This paper describes a method for magnetic bead-based isolation of murine endothelial cells from dermal lymphatic capillaries. The isolated lymphatic endothelial cells can be used for downstream in vitro experiments and protein expression analysis.
The lymphatic system participates in the regulation of immune surveillance, lipid absorption, and tissue fluid balance. The isolation of murine lymphatic endothelial cells is an important process for lymphatic research, as it allows the performance of in vitro and biochemical experiments on the isolated cells. Moreover, the development of Cre-lox technology has enabled the tissue-specific deficiency of genes that cannot be globally targeted, leading to the precise determination of their role in the studied tissues. The dissection of the role of certain genes in lymphatic physiology and pathophysiology requires the use of lymphatic-specific promoters, and thus, the experimental verification of the expression levels of the targeted genes.
Methods for efficient isolation of lymphatic endothelial cells from wild-type or transgenic mice enable the use of ex vivo and in vitro assays to study the mechanisms regulating the lymphatic functions and the identification of the expression levels of the studied proteins. We have developed, standardized and present a protocol for the efficient isolation of murine dermal lymphatic endothelial cells (DLECs) via magnetic bead purification based on LYVE-1 expression. The protocol outlined aims to equip researchers with a tool to further understand and elucidate important players of lymphatic endothelial cell functions, especially in facilities where fluorescence-activated cell sorting equipment is not available.
The lymphatic system plays a pivotal role in human physiology. It is considered a vital homeostatic factor, that facilitates important functions, such as the maintenance of tissue-plasma fluid balance, immune surveillance, and lipid absorption1, as well as recently-identified functions, such as the repair ability of the heart2 and regenerative capacity of bone and hematopoiesis3. Despite the significant role of the lymphatic system, several aspects of the role of the lymphatics, as well as the molecular mechanisms governing certain physiological parameters and responses remain elusive. Moreover, lymphatic vascular defects are triggering or deteriorating factors in certain pathophysiological conditions. Well-known examples are the primary and secondary lymphedemas, depending on the genetic or non-genetic origin of the disease, respectively, while the role of the lymphatic system on primary tumor growth and metastatic dissemination is pivotal, as it can act as a conduit for metastasis and modulator of immune functions1.
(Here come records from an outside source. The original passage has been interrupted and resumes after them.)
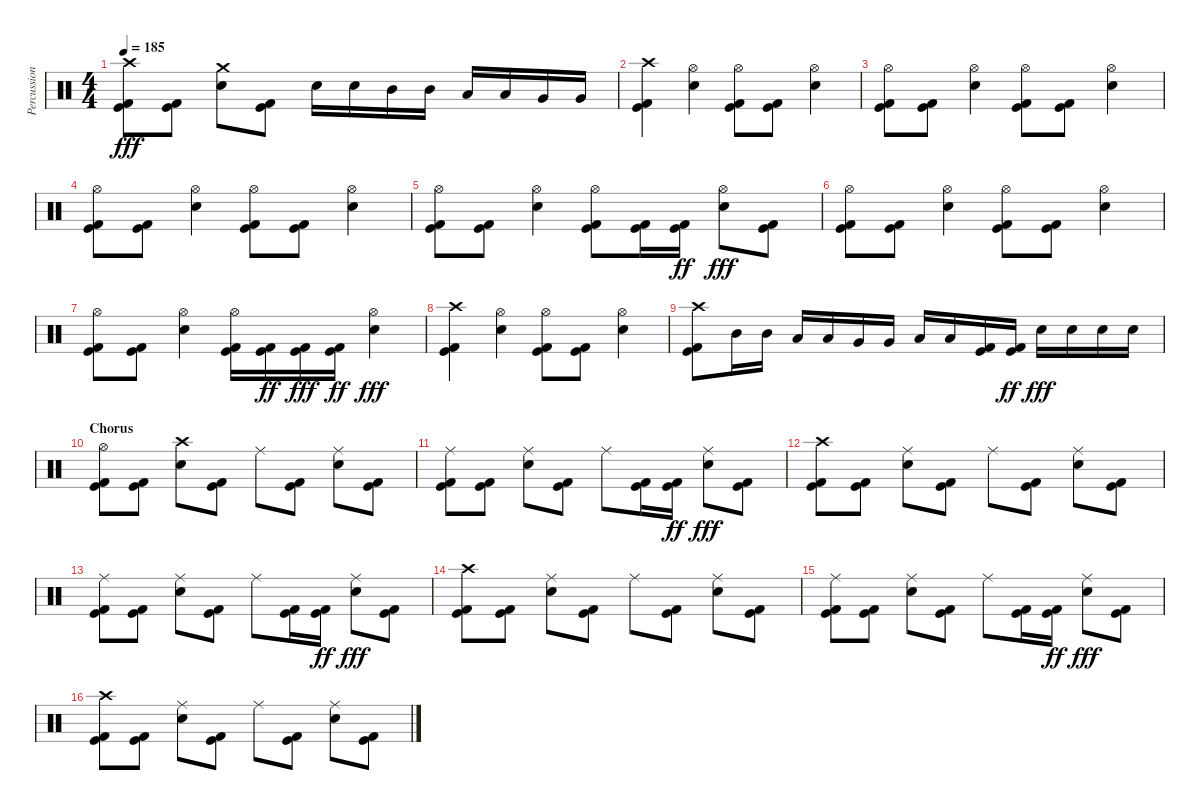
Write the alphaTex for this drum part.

\track ("Percussion" "Percussion") {instrument percussion}
\staff {score}
\articulation defaults
\ts (4 4)
\tempo 185
\clef neutral
\ks c
("Crash high (hit)" "Kick (hit)" "Kick (hit) 2").8{dy fff} ("Kick (hit)" "Kick (hit) 2").8 ("Crash medium (hit)" "Snare (hit) 2").8 ("Kick (hit)" "Kick (hit) 2").8 "Snare (hit) 2".16 "Snare (hit) 2".16 "Mid Tom (hit)".16 "Mid Tom (hit)".16 "Low Tom (hit)".16 "Low Tom (hit)".16 "Very Low Tom (hit)".16 "Very Low Tom (hit)".16 |
("Crash high (hit)" "Kick (hit)" "Kick (hit) 2").4 ("Hi-Hat (open)" "Snare (hit) 2").4 ("Hi-Hat (open)" "Kick (hit)" "Kick (hit) 2").8 ("Kick (hit)" "Kick (hit) 2").8 ("Hi-Hat (open)" "Snare (hit) 2").4 |
("Hi-Hat (open)" "Kick (hit)" "Kick (hit) 2").8 ("Kick (hit)" "Kick (hit) 2").8 ("Hi-Hat (open)" "Snare (hit) 2").4 ("Hi-Hat (open)" "Kick (hit)" "Kick (hit) 2").8 ("Kick (hit)" "Kick (hit) 2").8 ("Hi-Hat (open)" "Snare (hit) 2").4 |
("Hi-Hat (open)" "Kick (hit)" "Kick (hit) 2").8 ("Kick (hit)" "Kick (hit) 2").8 ("Hi-Hat (open)" "Snare (hit) 2").4 ("Hi-Hat (open)" "Kick (hit)" "Kick (hit) 2").8 ("Kick (hit)" "Kick (hit) 2").8 ("Hi-Hat (open)" "Snare (hit) 2").4 |
("Hi-Hat (open)" "Kick (hit)" "Kick (hit) 2").8 ("Kick (hit)" "Kick (hit) 2").8 ("Hi-Hat (open)" "Snare (hit) 2").4 ("Hi-Hat (open)" "Kick (hit)" "Kick (hit) 2").8 ("Kick (hit)" "Kick (hit) 2").16 ("Kick (hit)" "Kick (hit) 2").16{dy ff} ("Hi-Hat (open)" "Snare (hit) 2").8{dy fff} ("Kick (hit)" "Kick (hit) 2").8 |
("Hi-Hat (open)" "Kick (hit)" "Kick (hit) 2").8 ("Kick (hit)" "Kick (hit) 2").8 ("Hi-Hat (open)" "Snare (hit) 2").4 ("Hi-Hat (open)" "Kick (hit)" "Kick (hit) 2").8 ("Kick (hit)" "Kick (hit) 2").8 ("Hi-Hat (open)" "Snare (hit) 2").4 |
("Hi-Hat (open)" "Kick (hit)" "Kick (hit) 2").8 ("Kick (hit)" "Kick (hit) 2").8 ("Hi-Hat (open)" "Snare (hit) 2").4 ("Hi-Hat (open)" "Kick (hit)" "Kick (hit) 2").16 ("Kick (hit)" "Kick (hit) 2").16{dy ff} ("Kick (hit)" "Kick (hit) 2").16{dy fff} ("Kick (hit)" "Kick (hit) 2").16{dy ff} ("Hi-Hat (open)" "Snare (hit) 2").4{dy fff} |
("Crash high (hit)" "Kick (hit)" "Kick (hit) 2").4 ("Hi-Hat (open)" "Snare (hit) 2").4 ("Hi-Hat (open)" "Kick (hit)" "Kick (hit) 2").8 ("Kick (hit)" "Kick (hit) 2").8 ("Hi-Hat (open)" "Snare (hit) 2").4 |
("Crash high (hit)" "Kick (hit)" "Kick (hit) 2").8 "Mid Tom (hit)".16 "Mid Tom (hit)".16 "Low Tom (hit)".16 "Low Tom (hit)".16 "Very Low Tom (hit)".16 "Very Low Tom (hit)".16 "Low Floor Tom (hit)".16 "Low Floor Tom (hit)".16 ("Kick (hit)" "Kick (hit) 2").16 ("Kick (hit)" "Kick (hit) 2").16{dy ff} "Snare (hit) 2".16{dy fff} "Snare (hit) 2".16 "Snare (hit) 2".16 "Snare (hit) 2".16 |
\section ("" "Chorus")
("Hi-Hat (open)" "Kick (hit)" "Kick (hit) 2").8 ("Kick (hit)" "Kick (hit) 2").8 ("Crash high (hit)" "Snare (hit) 2").8 ("Kick (hit)" "Kick (hit) 2").8 "Ride (middle)".8 ("Kick (hit)" "Kick (hit) 2").8 ("Ride (middle)" "Snare (hit) 2").8 ("Kick (hit)" "Kick (hit) 2").8 |
("Ride (middle)" "Kick (hit)" "Kick (hit) 2").8 ("Kick (hit)" "Kick (hit) 2").8 ("Ride (middle)" "Snare (hit) 2").8 ("Kick (hit)" "Kick (hit) 2").8 "Ride (middle)".8 ("Kick (hit)" "Kick (hit) 2").16 ("Kick (hit)" "Kick (hit) 2").16{dy ff} ("Ride (middle)" "Snare (hit) 2").8{dy fff} ("Kick (hit)" "Kick (hit) 2").8 |
("Crash high (hit)" "Kick (hit)" "Kick (hit) 2").8 ("Kick (hit)" "Kick (hit) 2").8 ("Ride (middle)" "Snare (hit) 2").8 ("Kick (hit)" "Kick (hit) 2").8 "Ride (middle)".8 ("Kick (hit)" "Kick (hit) 2").8 ("Ride (middle)" "Snare (hit) 2").8 ("Kick (hit)" "Kick (hit) 2").8 |
("Ride (middle)" "Kick (hit)" "Kick (hit) 2").8 ("Kick (hit)" "Kick (hit) 2").8 ("Ride (middle)" "Snare (hit) 2").8 ("Kick (hit)" "Kick (hit) 2").8 "Ride (middle)".8 ("Kick (hit)" "Kick (hit) 2").16 ("Kick (hit)" "Kick (hit) 2").16{dy ff} ("Ride (middle)" "Snare (hit) 2").8{dy fff} ("Kick (hit)" "Kick (hit) 2").8 |
("Crash high (hit)" "Kick (hit)" "Kick (hit) 2").8 ("Kick (hit)" "Kick (hit) 2").8 ("Ride (middle)" "Snare (hit) 2").8 ("Kick (hit)" "Kick (hit) 2").8 "Ride (middle)".8 ("Kick (hit)" "Kick (hit) 2").8 ("Ride (middle)" "Snare (hit) 2").8 ("Kick (hit)" "Kick (hit) 2").8 |
("Ride (middle)" "Kick (hit)" "Kick (hit) 2").8 ("Kick (hit)" "Kick (hit) 2").8 ("Ride (middle)" "Snare (hit) 2").8 ("Kick (hit)" "Kick (hit) 2").8 "Ride (middle)".8 ("Kick (hit)" "Kick (hit) 2").16 ("Kick (hit)" "Kick (hit) 2").16{dy ff} ("Ride (middle)" "Snare (hit) 2").8{dy fff} ("Kick (hit)" "Kick (hit) 2").8 |
("Crash high (hit)" "Kick (hit)" "Kick (hit) 2").8 ("Kick (hit)" "Kick (hit) 2").8 ("Ride (middle)" "Snare (hit) 2").8 ("Kick (hit)" "Kick (hit) 2").8 "Ride (middle)".8 ("Kick (hit)" "Kick (hit) 2").8 ("Ride (middle)" "Snare (hit) 2").8 ("Kick (hit)" "Kick (hit) 2").8

The lag in the study and knowledge of the lymphatic compared to the blood vasculature is mainly due to the later discovery of the lymphatic system in comparison with the blood vascular system and the delay in the identification of lymphatic-specific molecular markers. This has greatly improved in recent decades, leading to the alteration of the conventional picture of the lymphatics at steady state and in diseased conditions1. Similar to angiogenesis, lymphangiogenesis is the formation of new lymphatic vessels from pre-existing ones and plays a pivotal role in the development of a wide spectrum of diseases4,5,6. However, unlike angiogenesis, the investigation of lymphangiogenesis has been limited to mostly in vivo models focusing on developmental vessel formation and structural defects in pathological models. The isolation of the lymphatic endothelial cells is important for in vitro studies, and this can be provided by the presented protocol.
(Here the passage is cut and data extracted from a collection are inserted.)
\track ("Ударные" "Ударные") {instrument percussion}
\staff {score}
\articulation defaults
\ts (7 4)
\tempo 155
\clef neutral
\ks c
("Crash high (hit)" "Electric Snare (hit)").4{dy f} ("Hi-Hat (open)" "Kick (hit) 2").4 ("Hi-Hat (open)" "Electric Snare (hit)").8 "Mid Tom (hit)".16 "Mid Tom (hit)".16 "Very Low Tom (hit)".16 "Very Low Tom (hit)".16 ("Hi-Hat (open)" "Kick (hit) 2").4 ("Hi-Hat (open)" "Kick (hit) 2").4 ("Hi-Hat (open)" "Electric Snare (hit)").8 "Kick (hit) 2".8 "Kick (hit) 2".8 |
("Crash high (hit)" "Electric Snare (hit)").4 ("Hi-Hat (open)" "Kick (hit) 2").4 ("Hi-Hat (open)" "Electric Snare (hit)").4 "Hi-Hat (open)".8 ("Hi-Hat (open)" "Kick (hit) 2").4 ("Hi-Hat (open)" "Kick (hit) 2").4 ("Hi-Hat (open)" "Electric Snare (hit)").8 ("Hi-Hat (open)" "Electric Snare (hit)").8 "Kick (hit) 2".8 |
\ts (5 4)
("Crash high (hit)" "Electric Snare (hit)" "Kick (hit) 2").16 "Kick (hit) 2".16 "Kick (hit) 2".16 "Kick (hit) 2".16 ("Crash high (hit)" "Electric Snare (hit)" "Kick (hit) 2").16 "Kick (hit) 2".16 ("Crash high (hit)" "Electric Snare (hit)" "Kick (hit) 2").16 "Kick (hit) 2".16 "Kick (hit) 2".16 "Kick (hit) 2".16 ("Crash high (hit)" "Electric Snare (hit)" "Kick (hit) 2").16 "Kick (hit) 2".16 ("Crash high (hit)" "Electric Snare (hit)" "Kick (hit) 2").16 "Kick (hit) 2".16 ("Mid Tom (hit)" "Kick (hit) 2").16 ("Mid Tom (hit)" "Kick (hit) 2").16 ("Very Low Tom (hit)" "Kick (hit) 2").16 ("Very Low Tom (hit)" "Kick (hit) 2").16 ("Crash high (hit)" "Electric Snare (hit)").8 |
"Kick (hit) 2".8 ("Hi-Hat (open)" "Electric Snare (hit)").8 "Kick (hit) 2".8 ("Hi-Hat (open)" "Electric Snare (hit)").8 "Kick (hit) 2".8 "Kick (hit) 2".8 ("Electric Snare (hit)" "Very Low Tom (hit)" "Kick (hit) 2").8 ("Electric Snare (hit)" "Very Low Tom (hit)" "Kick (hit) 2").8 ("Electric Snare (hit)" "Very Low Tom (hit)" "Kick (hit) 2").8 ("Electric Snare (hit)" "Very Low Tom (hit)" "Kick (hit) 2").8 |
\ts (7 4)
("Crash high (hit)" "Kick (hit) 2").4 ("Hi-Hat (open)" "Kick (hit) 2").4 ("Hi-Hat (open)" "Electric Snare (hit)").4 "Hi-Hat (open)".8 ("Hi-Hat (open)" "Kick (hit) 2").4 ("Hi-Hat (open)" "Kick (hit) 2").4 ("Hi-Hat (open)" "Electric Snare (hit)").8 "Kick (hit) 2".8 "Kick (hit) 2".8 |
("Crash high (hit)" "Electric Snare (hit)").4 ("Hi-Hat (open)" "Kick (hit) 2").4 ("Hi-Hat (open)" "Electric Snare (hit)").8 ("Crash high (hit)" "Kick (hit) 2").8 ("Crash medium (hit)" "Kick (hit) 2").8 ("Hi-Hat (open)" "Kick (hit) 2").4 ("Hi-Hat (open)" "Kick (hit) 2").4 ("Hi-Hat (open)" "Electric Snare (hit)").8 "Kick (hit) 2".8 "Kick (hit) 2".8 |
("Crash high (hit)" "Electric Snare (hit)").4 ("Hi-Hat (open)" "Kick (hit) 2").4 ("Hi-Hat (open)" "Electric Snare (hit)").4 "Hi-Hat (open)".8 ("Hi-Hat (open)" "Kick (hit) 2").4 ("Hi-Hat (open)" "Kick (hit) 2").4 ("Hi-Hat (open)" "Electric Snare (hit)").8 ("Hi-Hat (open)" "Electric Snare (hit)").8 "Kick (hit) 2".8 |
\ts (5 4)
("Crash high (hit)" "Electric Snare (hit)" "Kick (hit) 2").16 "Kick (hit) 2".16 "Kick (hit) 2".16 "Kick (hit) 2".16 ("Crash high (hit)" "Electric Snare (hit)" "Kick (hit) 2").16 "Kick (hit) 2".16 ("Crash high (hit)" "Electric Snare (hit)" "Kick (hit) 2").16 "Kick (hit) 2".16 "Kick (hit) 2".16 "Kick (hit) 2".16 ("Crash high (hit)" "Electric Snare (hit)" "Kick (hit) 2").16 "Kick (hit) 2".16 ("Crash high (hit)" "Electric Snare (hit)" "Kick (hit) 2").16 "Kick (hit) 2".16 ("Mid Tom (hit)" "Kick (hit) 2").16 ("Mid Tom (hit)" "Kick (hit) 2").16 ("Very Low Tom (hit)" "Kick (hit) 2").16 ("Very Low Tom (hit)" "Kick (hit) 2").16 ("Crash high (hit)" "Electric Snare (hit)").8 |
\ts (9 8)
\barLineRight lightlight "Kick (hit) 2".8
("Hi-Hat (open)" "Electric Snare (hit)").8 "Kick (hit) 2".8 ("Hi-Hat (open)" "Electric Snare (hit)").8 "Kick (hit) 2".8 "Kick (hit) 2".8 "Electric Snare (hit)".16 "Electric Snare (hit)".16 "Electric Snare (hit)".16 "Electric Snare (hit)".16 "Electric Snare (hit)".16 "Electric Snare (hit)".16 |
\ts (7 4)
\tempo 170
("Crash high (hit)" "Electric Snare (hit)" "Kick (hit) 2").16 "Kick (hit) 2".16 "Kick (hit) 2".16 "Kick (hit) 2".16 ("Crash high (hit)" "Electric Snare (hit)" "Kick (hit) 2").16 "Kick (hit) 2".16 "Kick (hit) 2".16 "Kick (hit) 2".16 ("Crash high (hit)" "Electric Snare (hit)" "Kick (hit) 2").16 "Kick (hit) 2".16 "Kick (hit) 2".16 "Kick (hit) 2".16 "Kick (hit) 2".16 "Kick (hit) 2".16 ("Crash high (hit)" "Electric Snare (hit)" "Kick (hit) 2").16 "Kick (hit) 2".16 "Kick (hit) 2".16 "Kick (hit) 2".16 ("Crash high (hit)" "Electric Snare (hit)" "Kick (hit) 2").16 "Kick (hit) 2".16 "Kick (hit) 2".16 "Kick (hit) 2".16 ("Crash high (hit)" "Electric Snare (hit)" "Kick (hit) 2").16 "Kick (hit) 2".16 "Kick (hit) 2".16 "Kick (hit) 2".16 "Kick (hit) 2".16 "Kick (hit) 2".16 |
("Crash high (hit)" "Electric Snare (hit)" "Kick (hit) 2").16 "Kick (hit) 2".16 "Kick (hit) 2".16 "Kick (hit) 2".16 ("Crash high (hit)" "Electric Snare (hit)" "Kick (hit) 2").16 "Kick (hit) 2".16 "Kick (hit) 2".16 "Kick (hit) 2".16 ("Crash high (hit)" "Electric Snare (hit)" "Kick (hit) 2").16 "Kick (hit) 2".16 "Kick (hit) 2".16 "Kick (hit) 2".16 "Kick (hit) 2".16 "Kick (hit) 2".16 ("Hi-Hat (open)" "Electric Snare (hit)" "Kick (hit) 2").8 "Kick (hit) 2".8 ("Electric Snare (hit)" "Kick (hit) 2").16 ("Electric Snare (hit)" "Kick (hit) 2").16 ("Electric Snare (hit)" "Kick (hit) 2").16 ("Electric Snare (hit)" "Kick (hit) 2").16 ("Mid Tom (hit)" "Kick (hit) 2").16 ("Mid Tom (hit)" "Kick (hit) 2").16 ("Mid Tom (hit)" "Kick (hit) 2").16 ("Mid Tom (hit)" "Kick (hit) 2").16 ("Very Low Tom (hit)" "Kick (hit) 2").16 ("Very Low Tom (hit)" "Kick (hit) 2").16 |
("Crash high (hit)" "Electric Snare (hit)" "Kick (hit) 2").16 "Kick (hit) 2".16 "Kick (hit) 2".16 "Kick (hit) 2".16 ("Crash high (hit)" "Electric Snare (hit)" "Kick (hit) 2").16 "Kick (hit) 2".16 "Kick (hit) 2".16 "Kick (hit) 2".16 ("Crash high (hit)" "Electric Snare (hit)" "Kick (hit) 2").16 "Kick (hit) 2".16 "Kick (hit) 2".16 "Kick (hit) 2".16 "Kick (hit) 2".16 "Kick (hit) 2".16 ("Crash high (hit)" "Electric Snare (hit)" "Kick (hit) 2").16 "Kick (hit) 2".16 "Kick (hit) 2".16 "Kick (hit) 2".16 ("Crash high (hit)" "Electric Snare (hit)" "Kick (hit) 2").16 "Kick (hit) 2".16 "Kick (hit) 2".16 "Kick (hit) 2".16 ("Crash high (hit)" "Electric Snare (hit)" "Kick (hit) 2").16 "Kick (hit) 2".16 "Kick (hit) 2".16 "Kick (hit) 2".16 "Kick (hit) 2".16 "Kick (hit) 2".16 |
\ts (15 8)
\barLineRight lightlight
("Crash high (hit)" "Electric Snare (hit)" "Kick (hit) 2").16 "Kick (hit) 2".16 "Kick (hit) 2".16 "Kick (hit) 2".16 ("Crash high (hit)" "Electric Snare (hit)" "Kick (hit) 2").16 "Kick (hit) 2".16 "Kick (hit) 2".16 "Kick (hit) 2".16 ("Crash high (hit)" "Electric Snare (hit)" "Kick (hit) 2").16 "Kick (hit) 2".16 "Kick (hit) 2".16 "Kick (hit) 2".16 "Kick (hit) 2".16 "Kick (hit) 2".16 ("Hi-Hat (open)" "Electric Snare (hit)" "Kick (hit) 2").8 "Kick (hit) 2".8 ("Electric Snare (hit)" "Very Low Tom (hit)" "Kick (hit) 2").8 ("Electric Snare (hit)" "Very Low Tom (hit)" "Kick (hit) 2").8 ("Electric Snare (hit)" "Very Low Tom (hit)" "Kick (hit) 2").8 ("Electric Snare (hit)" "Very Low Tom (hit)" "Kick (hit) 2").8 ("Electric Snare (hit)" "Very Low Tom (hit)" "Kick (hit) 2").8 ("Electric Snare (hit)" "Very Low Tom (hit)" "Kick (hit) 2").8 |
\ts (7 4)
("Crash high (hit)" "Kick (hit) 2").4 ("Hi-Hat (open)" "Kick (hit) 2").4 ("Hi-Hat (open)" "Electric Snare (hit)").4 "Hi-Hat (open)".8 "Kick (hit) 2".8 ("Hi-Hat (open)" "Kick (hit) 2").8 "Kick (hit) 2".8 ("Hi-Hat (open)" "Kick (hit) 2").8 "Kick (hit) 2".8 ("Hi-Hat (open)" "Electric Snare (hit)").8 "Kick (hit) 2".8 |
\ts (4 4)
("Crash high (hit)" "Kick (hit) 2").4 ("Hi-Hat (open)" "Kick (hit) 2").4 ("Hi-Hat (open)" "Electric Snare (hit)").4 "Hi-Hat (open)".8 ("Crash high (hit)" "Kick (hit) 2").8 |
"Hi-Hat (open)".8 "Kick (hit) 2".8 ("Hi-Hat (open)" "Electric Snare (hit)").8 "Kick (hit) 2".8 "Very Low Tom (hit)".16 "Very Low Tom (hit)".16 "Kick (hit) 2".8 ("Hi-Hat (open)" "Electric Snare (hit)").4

Several protocols for lymphatic endothelial isolation from mice have been developed, which require the use of fluorescence-activated cell sorting7. The advantage of the cell sorter, where available, is the higher degree of purity, contrary to bead-based isolation, with the latter providing a higher yield. The protocol utilizes the expression of lymphatic endothelial hyaluronan receptor 1 (LYVE-1), a lymphatic endothelial marker, important for cell trafficking within the lymphatic vessels4,8. Since LYVE-1 expression is limited to the lymphatic capillaries and not the collecting lymphatic vessels, the technique is suitable for the isolation of lymphatic endothelial cells specifically from the lymphatic capillaries, contrary to other lymphatic markers, such as podoplanin, which are expressed uniformly in all lymphatic endothelial cells9. For the protocol, other important lymphatic markers that were not transmembrane, such as Prox1, were excluded.
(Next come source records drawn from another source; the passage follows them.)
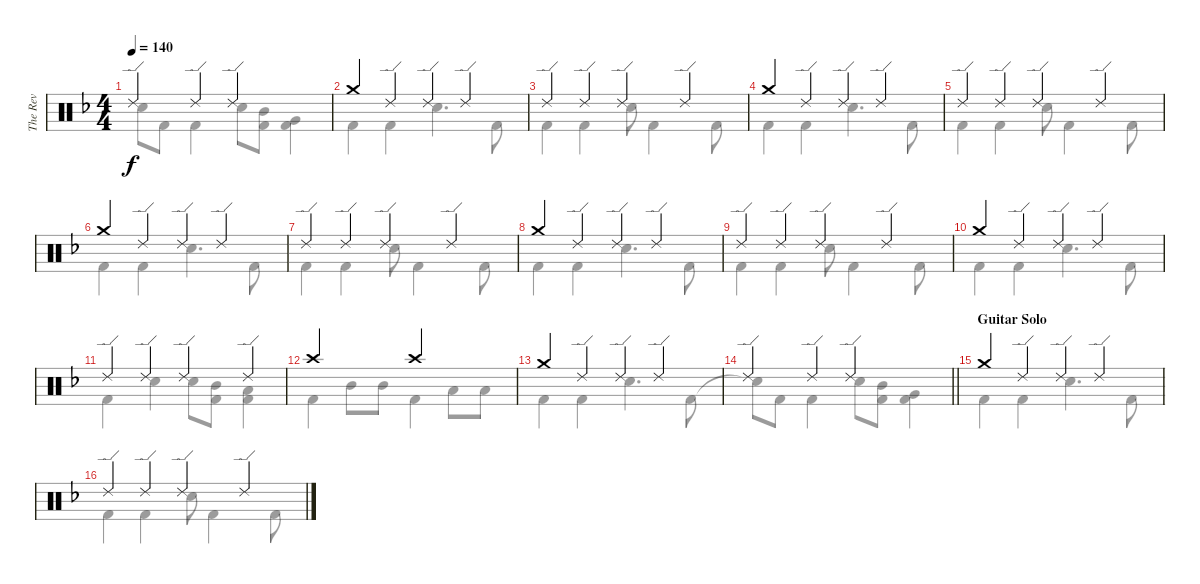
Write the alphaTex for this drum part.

\track ("The Rev" "The Rev") {instrument percussion}
\staff {score}
\articulation defaults
\voice
\ts (4 4)
\tempo 140
\clef neutral
\ks dminor "Ride (edge) 2".4{dy f} "Ride (edge) 2".4 "Ride (edge) 2".2
|
"Crash medium (hit)".4 "Ride (edge) 2".4 "Ride (edge) 2".4 "Ride (edge) 2".4 |
"Ride (edge) 2".4 "Ride (edge) 2".4 "Ride (edge) 2".4 "Ride (edge) 2".4 |
"Crash medium (hit)".4 "Ride (edge) 2".4 "Ride (edge) 2".4 "Ride (edge) 2".4 |
"Ride (edge) 2".4 "Ride (edge) 2".4 "Ride (edge) 2".4 "Ride (edge) 2".4 |
"Crash medium (hit)".4 "Ride (edge) 2".4 "Ride (edge) 2".4 "Ride (edge) 2".4 |
"Ride (edge) 2".4 "Ride (edge) 2".4 "Ride (edge) 2".4 "Ride (edge) 2".4 |
"Crash medium (hit)".4 "Ride (edge) 2".4 "Ride (edge) 2".4 "Ride (edge) 2".4 |
"Ride (edge) 2".4 "Ride (edge) 2".4 "Ride (edge) 2".4 "Ride (edge) 2".4 |
"Crash medium (hit)".4 "Ride (edge) 2".4 "Ride (edge) 2".4 "Ride (edge) 2".4 |
"Ride (edge) 2".4 "Ride (edge) 2".4 "Ride (edge) 2".4 "Ride (edge) 2".4 |
"Crash high (hit)".2 "Crash high (hit)".2 |
"Crash medium (hit)".4 "Ride (edge) 2".4 "Ride (edge) 2".4 "Ride (edge) 2".4 |
\barLineRight lightlight "Ride (edge) 2".4 "Ride (edge) 2".4 "Ride (edge) 2".2
|
\section ("" "Guitar Solo")
"Crash medium (hit)".4 "Ride (edge) 2".4 "Ride (edge) 2".4 "Ride (edge) 2".4 |
"Ride (edge) 2".4 "Ride (edge) 2".4 "Ride (edge) 2".4 "Ride (edge) 2".4
\voice
\clef neutral
\ottava regular
\simile none
\ks dminor "Snare (hit)"{t}.8{dy f} "Kick (hit) 2".8 "Kick (hit) 2".4 "Electric Snare (hit)".8
("Mid Tom (hit)" "Kick (hit) 2").8 ("Very Low Tom (hit)" "Kick (hit) 2").4 |
"Kick (hit) 2".4 "Kick (hit) 2".4 "Electric Snare (hit)".4{d} "Kick (hit) 2".8 |
"Kick (hit) 2".4 "Kick (hit) 2".4 "Electric Snare (hit)".8 "Kick (hit) 2".4 "Kick (hit) 2".8 |
"Kick (hit) 2".4 "Kick (hit) 2".4 "Electric Snare (hit)".4{d} "Kick (hit) 2".8 |
"Kick (hit) 2".4 "Kick (hit) 2".4 "Electric Snare (hit)".8 "Kick (hit) 2".4 "Kick (hit) 2".8 |
"Kick (hit) 2".4 "Kick (hit) 2".4 "Electric Snare (hit)".4{d} "Kick (hit) 2".8 |
"Kick (hit) 2".4 "Kick (hit) 2".4 "Electric Snare (hit)".8 "Kick (hit) 2".4 "Kick (hit) 2".8 |
"Kick (hit) 2".4 "Kick (hit) 2".4 "Electric Snare (hit)".4{d} "Kick (hit) 2".8 |
"Kick (hit) 2".4 "Kick (hit) 2".4 "Electric Snare (hit)".8 "Kick (hit) 2".4 "Kick (hit) 2".8 |
"Kick (hit) 2".4 "Kick (hit) 2".4 "Electric Snare (hit)".4{d} "Kick (hit) 2".8 |
"Kick (hit) 2".4 "Electric Snare (hit)".4 "Electric Snare (hit)".8 ("Mid Tom (hit)" "Kick (hit) 2").8 ("Low Tom (hit)" "Kick (hit) 2").4 |
"Kick (hit) 2".4 "Mid Tom (hit)".8 "Mid Tom (hit)".8 "Kick (hit) 2".4 "Low Tom (hit)".8 "Low Tom (hit)".8 |
"Kick (hit) 2".4 "Kick (hit) 2".4 "Electric Snare (hit)".4{d} "Kick (hit) 2".8 |
\barLineRight lightlight "Snare (hit)"{t}.8 "Kick (hit) 2".8 "Kick (hit) 2".4 "Electric Snare (hit)".8
("Mid Tom (hit)" "Kick (hit) 2").8 ("Very Low Tom (hit)" "Kick (hit) 2").4 |
"Kick (hit) 2".4 "Kick (hit) 2".4 "Electric Snare (hit)".4{d} "Kick (hit) 2".8 |
"Kick (hit) 2".4 "Kick (hit) 2".4 "Electric Snare (hit)".8 "Kick (hit) 2".4 "Kick (hit) 2".8

As the physiological outcome was lymphangiogenesis, which is usually initiated at the lymphatic capillaries, LYVE-1 was selected as a target due to its selectivity in these cells and because the selected antibody provided a high yield. The enzymes used were collagenase type II, which is generally known to be more effective in collagen dissociation than type I10, and dispase, a broader protease, regularly used for dermis-epidermis separation11; however, other enzymes for tissue separation have been reported12,13 and can be used. The goal of this protocol is to describe a method for dermal lymphatic endothelial cell isolation from lymphatic capillaries of adult mice with high yield using magnetic bead purification, especially in places where fluorescence-activated cell sorting is not readily available. The method is suitable for applications where the purity of lymphatic endothelial cells can be compromised for downstream applications.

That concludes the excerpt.